REPUBLIKA.CO.ID, JAKARTA -- Otoritas Jasa Keuangan (OJK) menekankan penyelenggara teknologi finansial peer to peer (P2P) lending turut berpengaruh di kawasan Asia Tenggara. Pada September 2021, akumulasi penyaluran pinjaman dari 104 platform legal sebesar Rp 262,93 triliun atau meningkat 104,30 persen (year-on-year/yoy), outstanding pinjaman sebesar Rp 27,48 triliun atau tumbuh 116,18 persen (yoy).
Ketua Dewan Komisioner OJK Wimboh Santoso mengatakan OJK bersama pemangku kepentingan lainnya berkomitmen untuk memberantas praktik pinjaman online ilegal, supaya tidak berdampak kepada iklim usaha para platform yang resmi di bawah naungan otoritas.
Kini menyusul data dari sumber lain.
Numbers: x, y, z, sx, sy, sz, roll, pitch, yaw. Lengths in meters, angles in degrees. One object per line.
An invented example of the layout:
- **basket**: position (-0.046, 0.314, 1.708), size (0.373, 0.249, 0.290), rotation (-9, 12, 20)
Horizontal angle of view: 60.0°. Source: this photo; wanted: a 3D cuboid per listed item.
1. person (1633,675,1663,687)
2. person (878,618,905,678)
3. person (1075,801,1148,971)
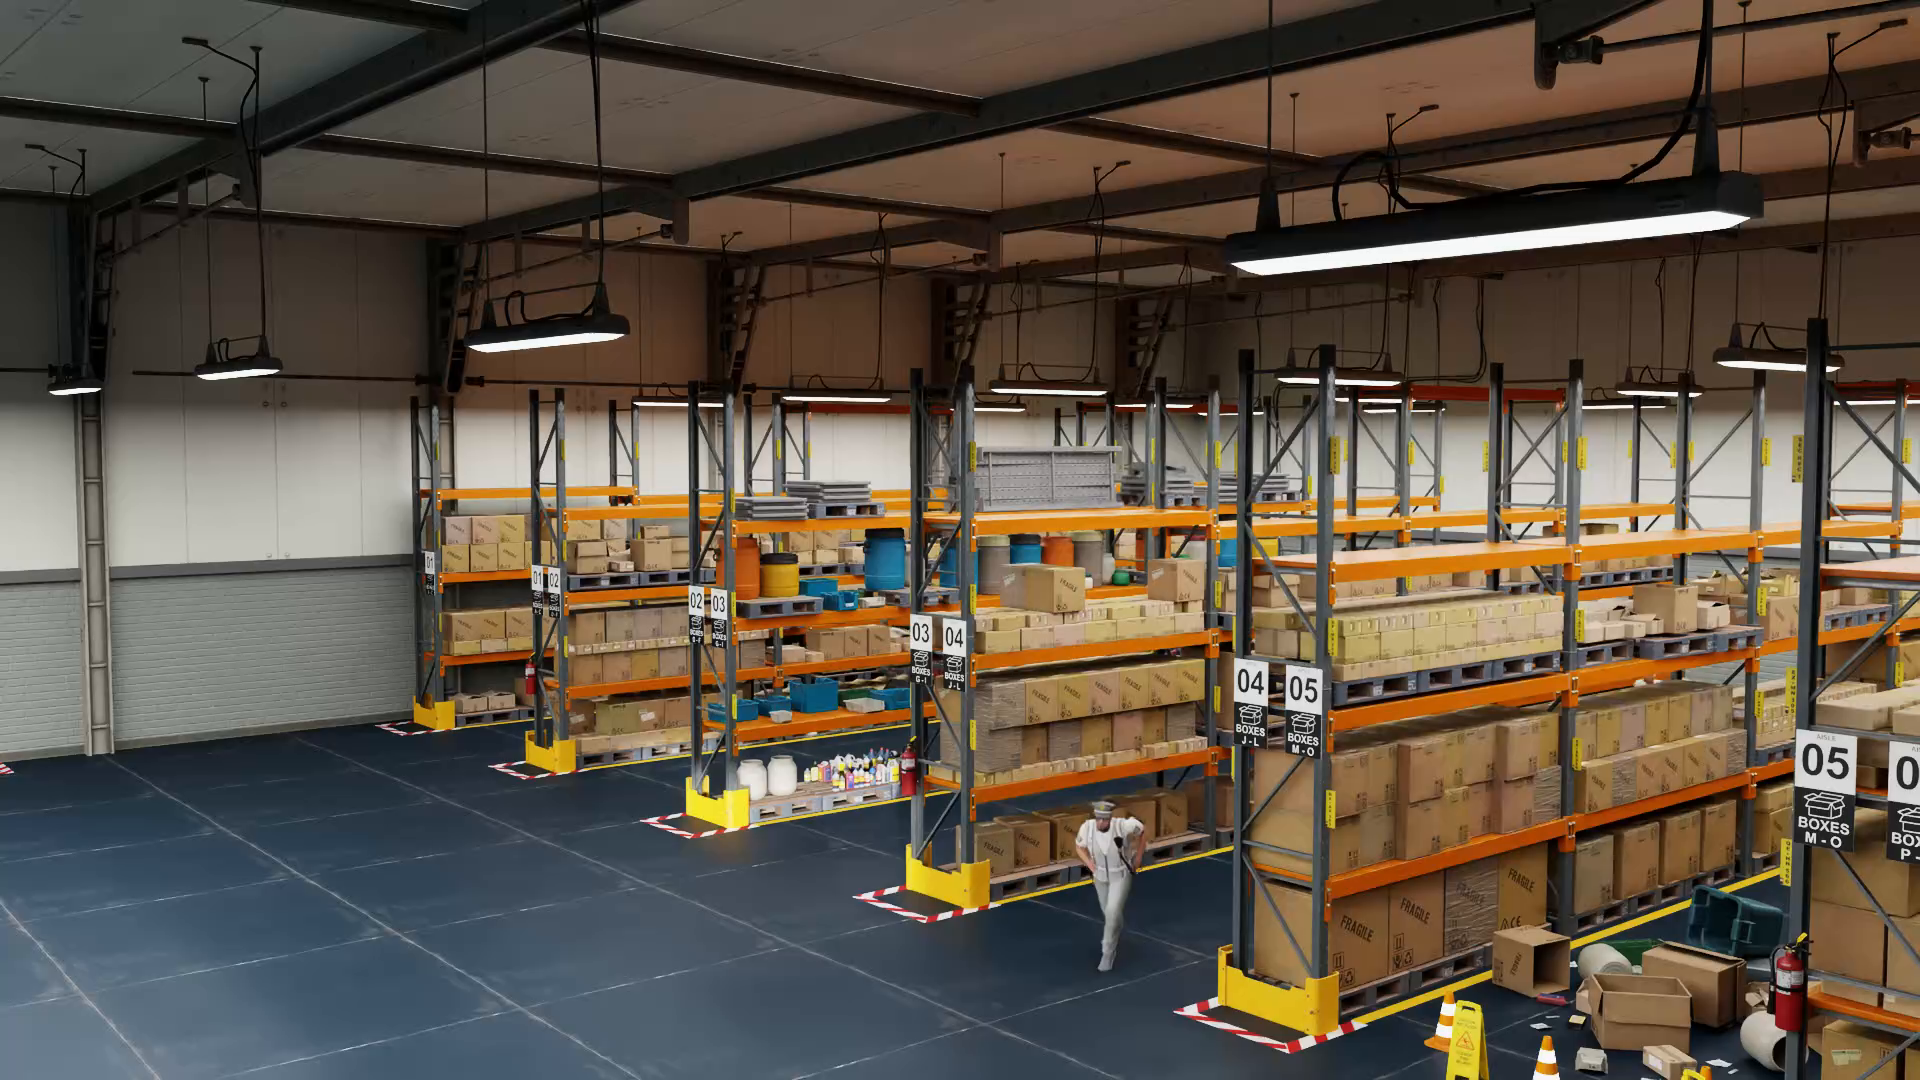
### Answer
- **person**: position (10.854, 2.805, 25.916), size (0.712, 1.726, 0.882), rotation (3, 5, 42)
- **person**: position (-1.476, 2.327, 34.086), size (0.811, 1.608, 0.593), rotation (-3, 5, -44)
- **person**: position (1.533, 3.386, 16.622), size (0.707, 1.721, 1.021), rotation (1, 4, 17)

"Kami mengundang semua pihak yang berkepentingan secara bersama-sama menjaga industri jasa keuangan dengan mengedepankan prinsip inovasi brilian yang bertanggung jawab, serta mendorong kolaborasi untuk menciptakan ekosistem jasa keuangan di Indonesia yang berdaya saing tinggi," ujarnya dalam keterangan resmi seperti dikutip Jumat (12/11).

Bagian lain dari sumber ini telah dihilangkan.